Swarm: A true distributed programming language  - prakash
http://blog.locut.us/main/2008/10/7/swarm-a-true-distributed-programming-language.html
======
russell
Continuations are really neat devices. You can make any kind of flow-of
-control construct out of them. IIRC they were originally invented to formally
model the GOTO. However, in their full glory they are mind numbingly difficult
to understand and probably to debug. Basically in the Swarms model you are
passing around a chunk of program state to do the computation, and with it,
all the problems that data encapsulation is supposed to solve. I thing
debugging would be hugely difficult. Contrast this with message passing where
only the relevant values are sent, not the whole computational state.
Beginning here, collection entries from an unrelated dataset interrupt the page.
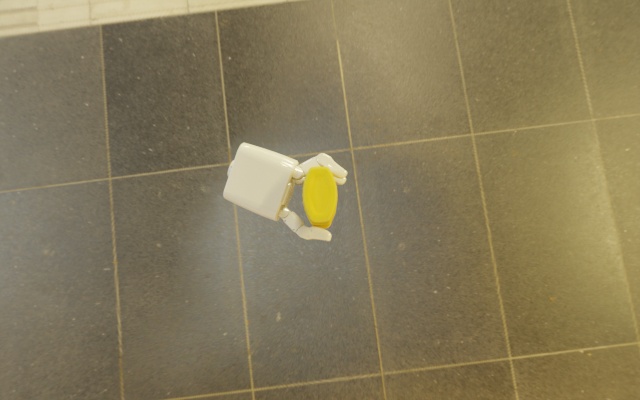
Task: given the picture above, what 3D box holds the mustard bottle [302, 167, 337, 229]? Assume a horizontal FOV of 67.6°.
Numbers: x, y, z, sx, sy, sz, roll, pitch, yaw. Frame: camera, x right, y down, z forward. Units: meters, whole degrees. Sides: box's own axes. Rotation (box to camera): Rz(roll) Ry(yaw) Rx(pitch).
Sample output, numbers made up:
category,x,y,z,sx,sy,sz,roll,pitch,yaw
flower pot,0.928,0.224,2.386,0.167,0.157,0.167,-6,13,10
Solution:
category,x,y,z,sx,sy,sz,roll,pitch,yaw
mustard bottle,0.000,0.003,0.872,0.058,0.096,0.191,-3,-8,0
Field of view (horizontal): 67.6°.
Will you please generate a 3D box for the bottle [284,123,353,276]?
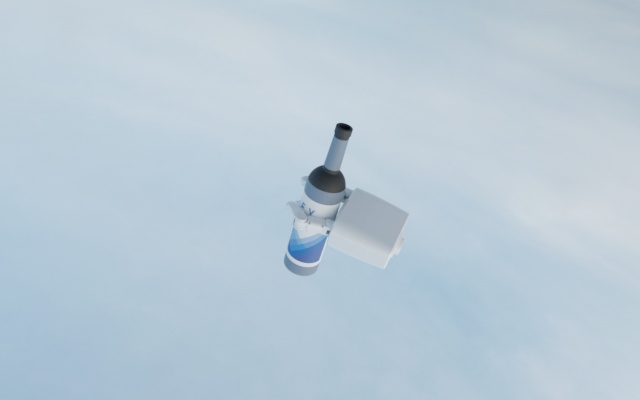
[{"bbox_3d":[0.000,0.003,0.817,0.069,0.296,0.069,12,35,-8],"label":"bottle"}]
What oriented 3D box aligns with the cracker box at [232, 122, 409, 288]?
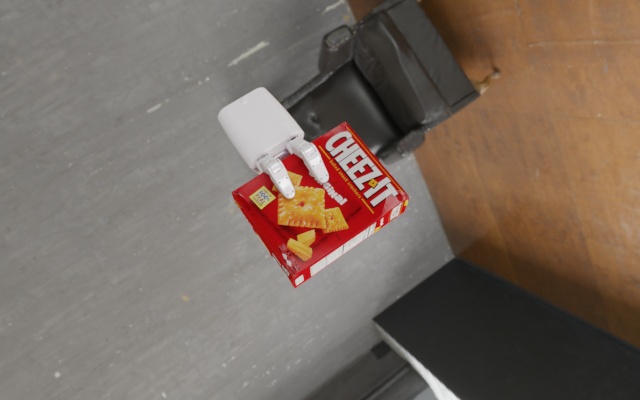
[{"bbox_3d":[0.000,0.003,0.728,0.213,0.164,0.072,-34,-18,-12],"label":"cracker box"}]
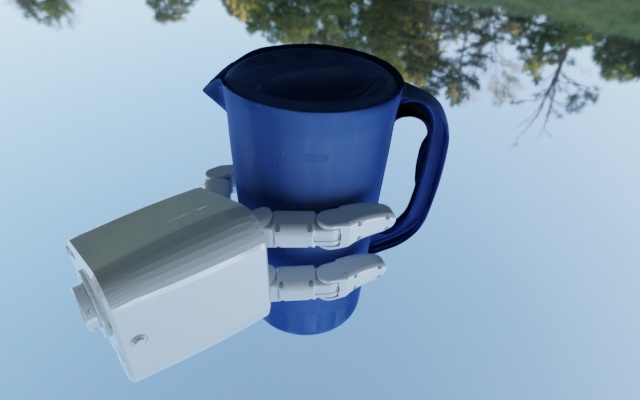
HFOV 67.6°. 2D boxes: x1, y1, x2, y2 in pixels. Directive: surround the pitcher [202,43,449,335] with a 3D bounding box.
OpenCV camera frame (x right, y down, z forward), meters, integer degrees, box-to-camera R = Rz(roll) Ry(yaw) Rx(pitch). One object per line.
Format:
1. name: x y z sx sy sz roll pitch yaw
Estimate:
1. pitcher: 0.000 0.001 0.411 0.145 0.243 0.149 -23 43 -31
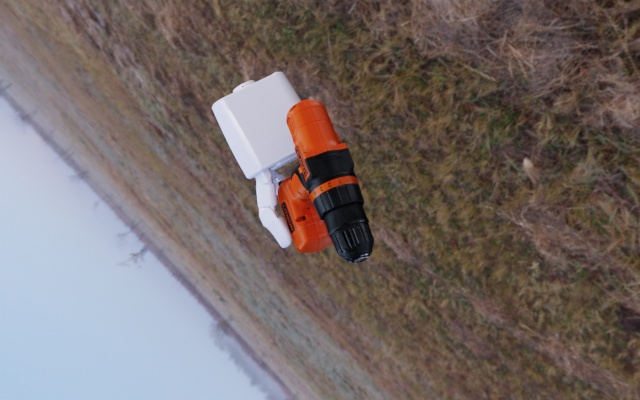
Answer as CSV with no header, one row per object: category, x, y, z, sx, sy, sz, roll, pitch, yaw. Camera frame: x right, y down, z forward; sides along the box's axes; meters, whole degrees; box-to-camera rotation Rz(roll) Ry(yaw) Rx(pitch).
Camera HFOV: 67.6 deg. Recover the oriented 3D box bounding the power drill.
power drill,0.000,0.002,0.563,0.057,0.184,0.188,-13,-18,-16
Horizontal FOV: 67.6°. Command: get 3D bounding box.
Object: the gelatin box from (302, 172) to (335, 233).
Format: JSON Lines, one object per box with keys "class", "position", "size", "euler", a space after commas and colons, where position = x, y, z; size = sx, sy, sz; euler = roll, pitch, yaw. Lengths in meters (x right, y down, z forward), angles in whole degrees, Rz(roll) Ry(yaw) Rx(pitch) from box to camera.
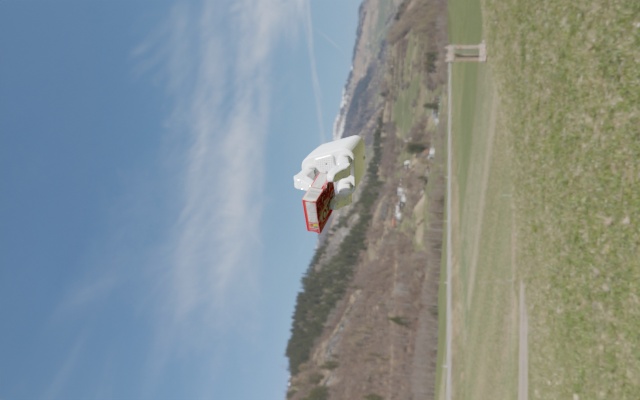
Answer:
{"class": "gelatin box", "position": [0.000, 0.003, 0.861], "size": [0.030, 0.073, 0.089], "euler": [9, 40, 20]}
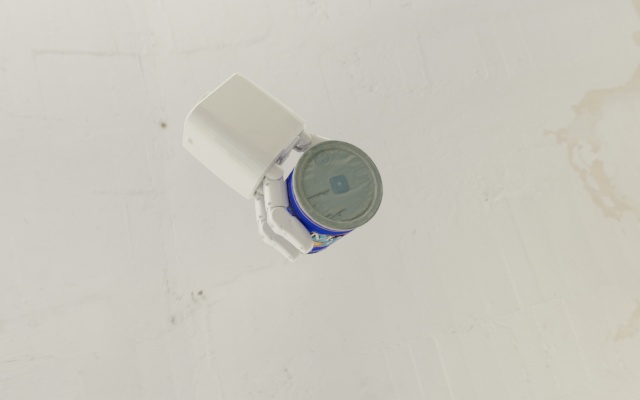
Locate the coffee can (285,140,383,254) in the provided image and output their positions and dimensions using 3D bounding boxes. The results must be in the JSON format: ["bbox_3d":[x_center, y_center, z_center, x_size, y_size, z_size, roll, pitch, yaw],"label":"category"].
[{"bbox_3d":[0.000,0.002,0.578,0.103,0.102,0.140,0,-17,-18],"label":"coffee can"}]
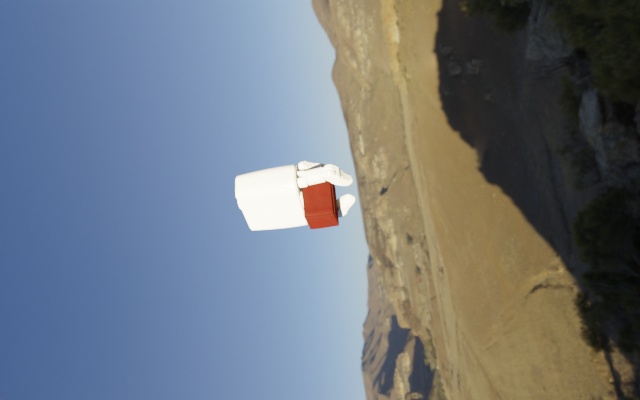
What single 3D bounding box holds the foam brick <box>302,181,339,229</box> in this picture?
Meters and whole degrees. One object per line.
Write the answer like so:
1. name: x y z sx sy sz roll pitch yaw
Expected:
1. foam brick: 0.000 0.003 0.811 0.051 0.078 0.053 -9 -29 7
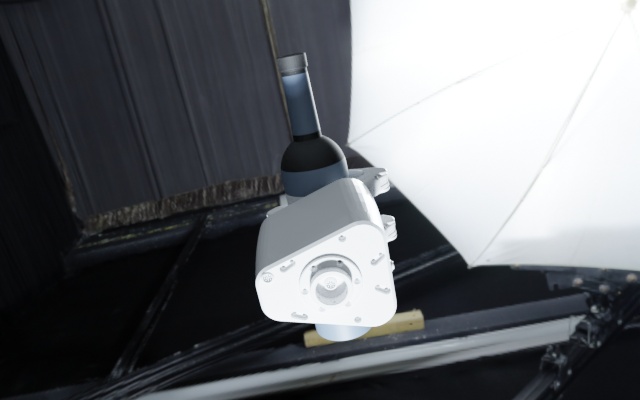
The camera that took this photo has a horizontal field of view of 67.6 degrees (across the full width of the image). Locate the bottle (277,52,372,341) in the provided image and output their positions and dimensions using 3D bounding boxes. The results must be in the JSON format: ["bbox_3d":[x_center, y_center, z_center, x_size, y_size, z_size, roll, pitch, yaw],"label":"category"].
[{"bbox_3d":[0.000,0.002,0.490,0.069,0.296,0.069,-10,19,4],"label":"bottle"}]
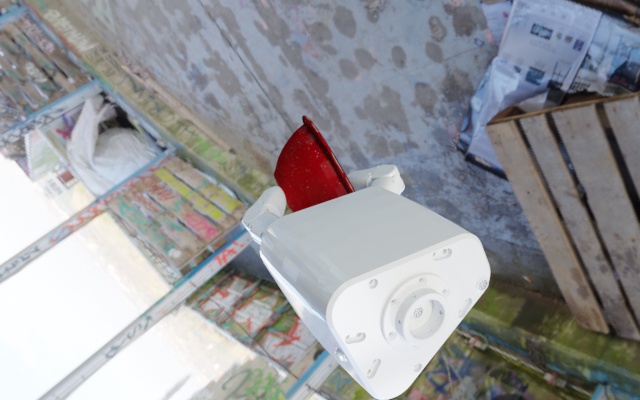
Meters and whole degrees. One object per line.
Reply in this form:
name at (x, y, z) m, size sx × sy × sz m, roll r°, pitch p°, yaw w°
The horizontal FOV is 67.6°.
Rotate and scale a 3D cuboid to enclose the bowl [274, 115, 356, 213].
bowl at (0.000, 0.002, 0.464) m, size 0.055 × 0.162 × 0.162 m, roll -29°, pitch 1°, yaw -1°
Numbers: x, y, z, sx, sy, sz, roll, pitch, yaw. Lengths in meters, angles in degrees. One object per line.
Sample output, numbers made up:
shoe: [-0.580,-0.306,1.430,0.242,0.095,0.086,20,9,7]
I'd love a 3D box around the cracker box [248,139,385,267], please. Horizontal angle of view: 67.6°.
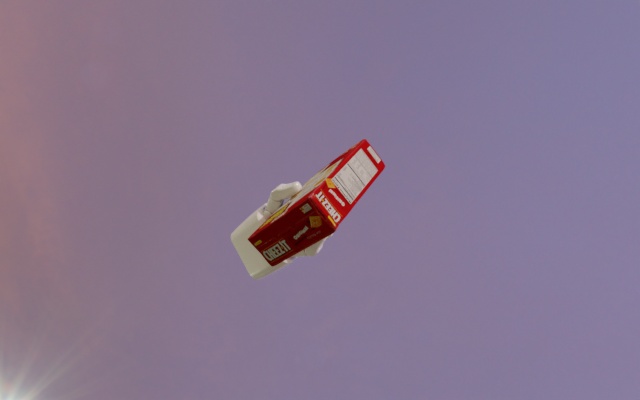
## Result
cracker box: [0.000,0.002,0.799,0.164,0.072,0.213,-34,9,40]
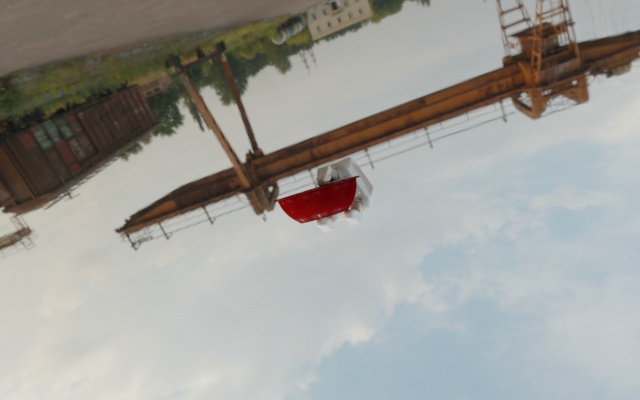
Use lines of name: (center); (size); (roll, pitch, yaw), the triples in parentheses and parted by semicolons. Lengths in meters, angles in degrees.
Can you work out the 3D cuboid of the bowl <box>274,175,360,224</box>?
bowl: (0.000, 0.003, 0.860); (0.162, 0.055, 0.162); (-16, 1, 0)
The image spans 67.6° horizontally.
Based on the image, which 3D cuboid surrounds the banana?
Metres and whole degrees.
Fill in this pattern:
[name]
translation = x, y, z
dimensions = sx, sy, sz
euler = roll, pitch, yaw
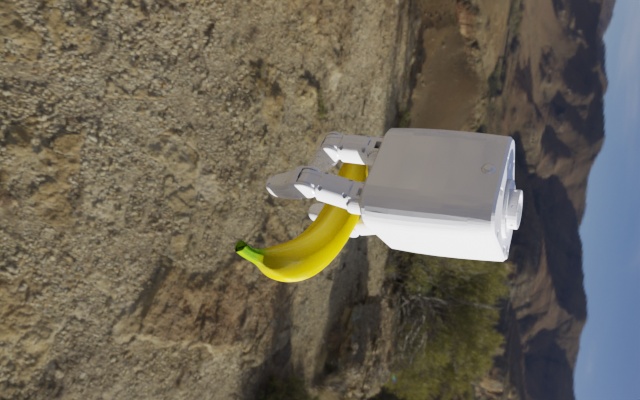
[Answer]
[banana]
translation = 0.003, 0.020, 0.455
dimensions = 0.037, 0.070, 0.197
euler = 2, 29, 36
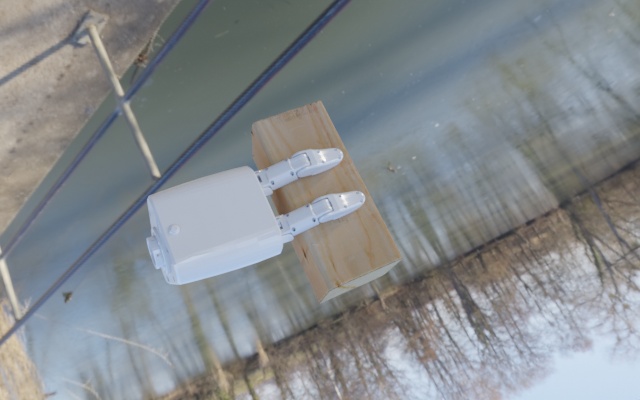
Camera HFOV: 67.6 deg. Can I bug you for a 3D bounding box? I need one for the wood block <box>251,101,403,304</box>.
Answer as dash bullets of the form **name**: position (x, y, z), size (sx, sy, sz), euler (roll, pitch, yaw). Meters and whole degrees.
- **wood block**: position (0.000, 0.002, 0.558), size (0.090, 0.206, 0.091), euler (-21, -16, -15)
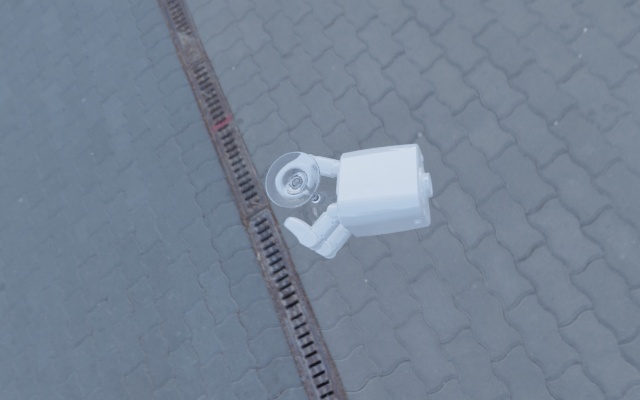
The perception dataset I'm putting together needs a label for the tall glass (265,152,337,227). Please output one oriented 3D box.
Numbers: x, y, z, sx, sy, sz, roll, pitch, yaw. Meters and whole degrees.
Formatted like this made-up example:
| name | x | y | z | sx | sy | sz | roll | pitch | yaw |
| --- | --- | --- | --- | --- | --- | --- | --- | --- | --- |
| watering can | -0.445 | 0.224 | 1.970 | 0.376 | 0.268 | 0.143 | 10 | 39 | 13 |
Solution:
| name | x | y | z | sx | sy | sz | roll | pitch | yaw |
| --- | --- | --- | --- | --- | --- | --- | --- | --- | --- |
| tall glass | 0.000 | 0.002 | 0.680 | 0.079 | 0.079 | 0.201 | 0 | -17 | 21 |
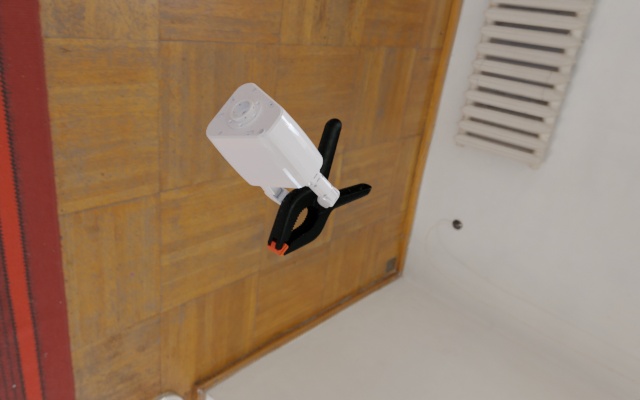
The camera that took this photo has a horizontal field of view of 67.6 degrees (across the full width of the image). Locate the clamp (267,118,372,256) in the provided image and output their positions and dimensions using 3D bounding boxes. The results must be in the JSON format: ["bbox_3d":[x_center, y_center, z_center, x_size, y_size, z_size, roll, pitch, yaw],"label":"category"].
[{"bbox_3d":[0.000,0.003,0.732,0.036,0.210,0.165,22,-18,41],"label":"clamp"}]
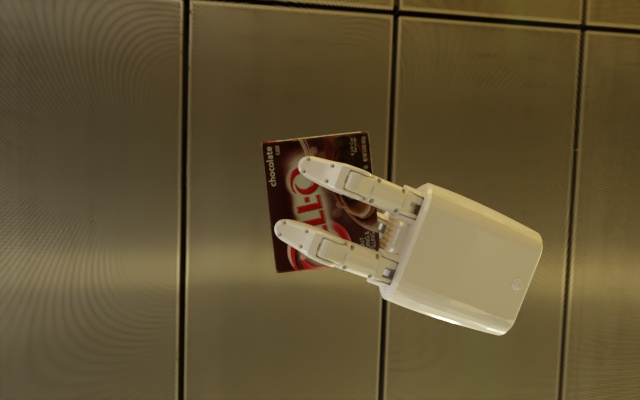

The article says that 3.5% of instructions cause a continuation to be sent.
That's a huge percentage. A program would spend all its time marshaling and
unmarshaling.

One of the things that you want to do to increase efficiency is to promote and
exploit locality. You want to cluster the closely related objects on the same
node to reduce network traffic and latency. Constant moving of objects or a
bad distribution strategy is going to hurt that. I once worked on a
distributed database with automatic replication to ransom nodes. Performance
was killed by constant network chatter. The design goal was 1000 nodes, in
reality it maxed out at 16.

------
gsmaverick
Neat project. I think this is how we are going to fully take advantage of the
cloud resources we have right now.